Drzwi są otwarte
Budynek dla misji polskiej w NATO został już zakupiony. W Brukseli czekają na nowych członków z Europy Środkowej. Rosja nie jest wstanie tego zablokować, ale kandydaci do sojuszu mogą sobie zaszkodzić sami.
Drzwi są otwarte
Jan Skórzyński
Można to usłyszeć zarówno w Brukseli, jak i w Bonn -- w Kwaterze Głównej sojuszu atlantyckiego i w niemieckim Ministerstwie Obrony. NATO podjęło decyzję i wprowadzi ją w życie -- powiedział w ubiegłym tygodniu grupie polskich dziennikarzy wysoki rangą dyplomata sojuszu. -- Niezależnie od wyników rozmów z Rosją na temat Karty współpracy. Formalnego zaproszenia pierwszych kandydatów dokona przyszłoroczny szczyt NATO -- w czerwcu lub w lipcu 1997. Dwa lata później, akurat na 50-lecie Traktatu Północnoatlantyckiego, organizacja zamierza przyjąć nowych członków ze środkowej części kontynentu.
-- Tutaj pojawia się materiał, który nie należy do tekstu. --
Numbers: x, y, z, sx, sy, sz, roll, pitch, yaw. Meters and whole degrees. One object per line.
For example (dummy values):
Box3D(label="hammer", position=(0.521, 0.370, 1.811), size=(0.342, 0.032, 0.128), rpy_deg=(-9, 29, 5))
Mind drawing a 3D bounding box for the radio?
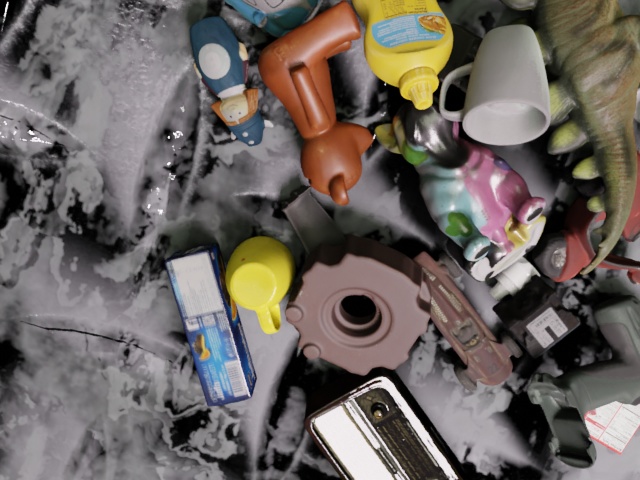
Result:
Box3D(label="radio", position=(0.093, 0.279, 0.712), size=(0.131, 0.073, 0.229), rpy_deg=(-34, 98, 6))

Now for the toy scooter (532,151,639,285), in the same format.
Box3D(label="toy scooter", position=(0.360, -0.016, 0.660), size=(0.135, 0.075, 0.183), rpy_deg=(27, 102, -3))

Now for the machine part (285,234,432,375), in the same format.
Box3D(label="machine part", position=(0.047, 0.083, 0.655), size=(0.179, 0.056, 0.179), rpy_deg=(4, 116, 7))

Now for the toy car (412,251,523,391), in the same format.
Box3D(label="toy car", position=(0.179, 0.105, 0.695), size=(0.089, 0.053, 0.202), rpy_deg=(-36, 98, 9))

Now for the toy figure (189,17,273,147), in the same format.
Box3D(label="toy figure", position=(-0.110, -0.186, 0.650), size=(0.064, 0.058, 0.154), rpy_deg=(-12, 104, 42))

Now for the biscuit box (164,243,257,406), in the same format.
Box3D(label="biscuit box", position=(-0.137, 0.109, 0.694), size=(0.059, 0.063, 0.202), rpy_deg=(-14, 99, 2))

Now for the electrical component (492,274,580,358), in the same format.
Box3D(label="electrical component", position=(0.277, 0.106, 0.673), size=(0.075, 0.048, 0.119), rpy_deg=(-38, 120, 7))

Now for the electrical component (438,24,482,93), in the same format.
Box3D(label="electrical component", position=(0.160, -0.217, 0.638), size=(0.094, 0.021, 0.063), rpy_deg=(51, 130, 33))

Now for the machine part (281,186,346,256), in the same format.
Box3D(label="machine part", position=(-0.001, -0.002, 0.687), size=(0.084, 0.039, 0.138), rpy_deg=(-27, 100, 10))

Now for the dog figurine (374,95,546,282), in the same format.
Box3D(label="dog figurine", position=(0.160, -0.073, 0.644), size=(0.108, 0.191, 0.219), rpy_deg=(-35, 64, 5))

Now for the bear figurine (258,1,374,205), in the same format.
Box3D(label="bear figurine", position=(0.015, -0.148, 0.622), size=(0.132, 0.120, 0.195), rpy_deg=(-30, 99, 2))

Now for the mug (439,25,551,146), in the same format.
Box3D(label="mug", position=(0.181, -0.161, 0.554), size=(0.110, 0.080, 0.107), rpy_deg=(0, 68, 31))

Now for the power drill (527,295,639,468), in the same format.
Box3D(label="power drill", position=(0.373, 0.196, 0.652), size=(0.207, 0.086, 0.232), rpy_deg=(-21, 82, -12))

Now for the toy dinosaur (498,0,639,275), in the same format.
Box3D(label="toy dinosaur", position=(0.300, -0.205, 0.595), size=(0.199, 0.105, 0.471), rpy_deg=(-14, 82, 21))

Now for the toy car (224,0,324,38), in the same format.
Box3D(label="toy car", position=(-0.069, -0.310, 0.604), size=(0.161, 0.103, 0.109), rpy_deg=(38, 97, -7))
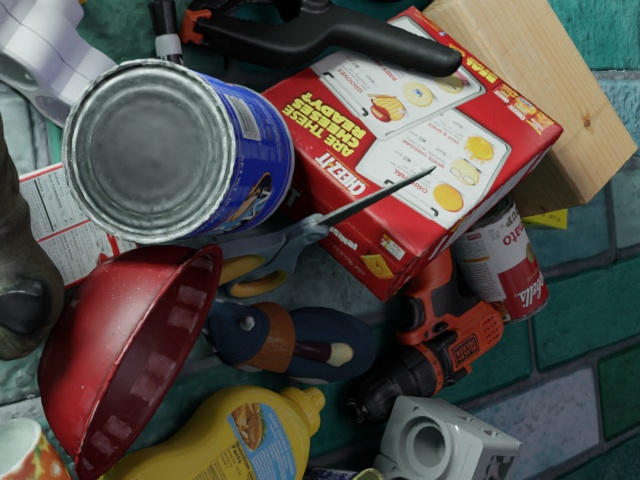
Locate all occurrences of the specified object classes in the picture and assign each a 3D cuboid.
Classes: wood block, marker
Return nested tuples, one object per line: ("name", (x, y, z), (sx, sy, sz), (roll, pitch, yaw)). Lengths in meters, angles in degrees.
("wood block", (0.172, -0.132, 0.930), (0.090, 0.090, 0.206), (-42, 105, -27))
("marker", (-0.101, -0.109, 0.736), (0.020, 0.020, 0.121), (-13, 97, -46))

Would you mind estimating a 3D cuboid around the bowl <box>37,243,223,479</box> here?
("bowl", (-0.122, 0.062, 0.645), (0.055, 0.162, 0.162), (28, 59, 7))

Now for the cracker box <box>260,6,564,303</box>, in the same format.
("cracker box", (0.060, -0.073, 0.809), (0.164, 0.072, 0.213), (42, 49, 12))

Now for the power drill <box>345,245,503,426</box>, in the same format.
("power drill", (0.070, 0.040, 0.880), (0.184, 0.057, 0.187), (-29, 110, -41))

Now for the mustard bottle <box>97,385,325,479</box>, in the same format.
("mustard bottle", (-0.062, 0.155, 0.734), (0.191, 0.058, 0.096), (-33, 108, -42))

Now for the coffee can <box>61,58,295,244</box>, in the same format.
("coffee can", (-0.081, -0.051, 0.652), (0.140, 0.103, 0.103), (-12, 98, -78))

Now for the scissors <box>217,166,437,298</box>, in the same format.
("scissors", (-0.005, 0.001, 0.724), (0.096, 0.202, 0.016), (40, 34, -63))

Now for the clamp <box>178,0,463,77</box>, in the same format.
("clamp", (-0.002, -0.165, 0.784), (0.209, 0.036, 0.164), (-24, 71, -32))

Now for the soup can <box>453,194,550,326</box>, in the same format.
("soup can", (0.159, 0.017, 0.963), (0.068, 0.069, 0.102), (-42, 116, -39))

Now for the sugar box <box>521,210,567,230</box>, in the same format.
("sugar box", (0.200, -0.102, 1.029), (0.093, 0.048, 0.176), (11, 81, -43))

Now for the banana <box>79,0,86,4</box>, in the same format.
("banana", (-0.191, -0.234, 0.637), (0.069, 0.037, 0.198), (-27, 107, -43))

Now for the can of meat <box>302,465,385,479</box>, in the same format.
("can of meat", (0.009, 0.216, 0.785), (0.057, 0.084, 0.102), (-32, 110, -43))

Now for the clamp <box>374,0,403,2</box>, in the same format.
("clamp", (0.080, -0.250, 0.914), (0.120, 0.039, 0.171), (46, 62, -20))

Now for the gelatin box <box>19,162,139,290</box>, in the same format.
("gelatin box", (-0.161, -0.009, 0.660), (0.089, 0.030, 0.073), (-28, 107, -43))

Kto to będzie? Nie wszyscy brukselscy dyplomaci odpowiadają wprost na to pytanie. Przedstawiciel jednego z filarów NATO przekonuje nawet, że dotąd w gronie "16" wiążących rozmów na ten temat nie było. Mają się one zacząć dopiero w styczniu. -- Z chwilą gdy wymieni się nazwę, sojusz podejmuje zobowiązanie -- wyjaśnia. -- ANATO dotrzymuje swoich zobowiązań.
W pierwszej fazie przyjęte zostaną Polska, Czechy i Węgry -- można jednak usłyszeć...
Archiwum Rzeczpospolitej to wygodna wyszukiwarka archiwalnych tekstów opublikowanych na łamach dziennika od 1993 roku. Unikalne źródło wiedzy o Polsce i świecie, wzbogacone o perspektywę ekonomiczną i prawną.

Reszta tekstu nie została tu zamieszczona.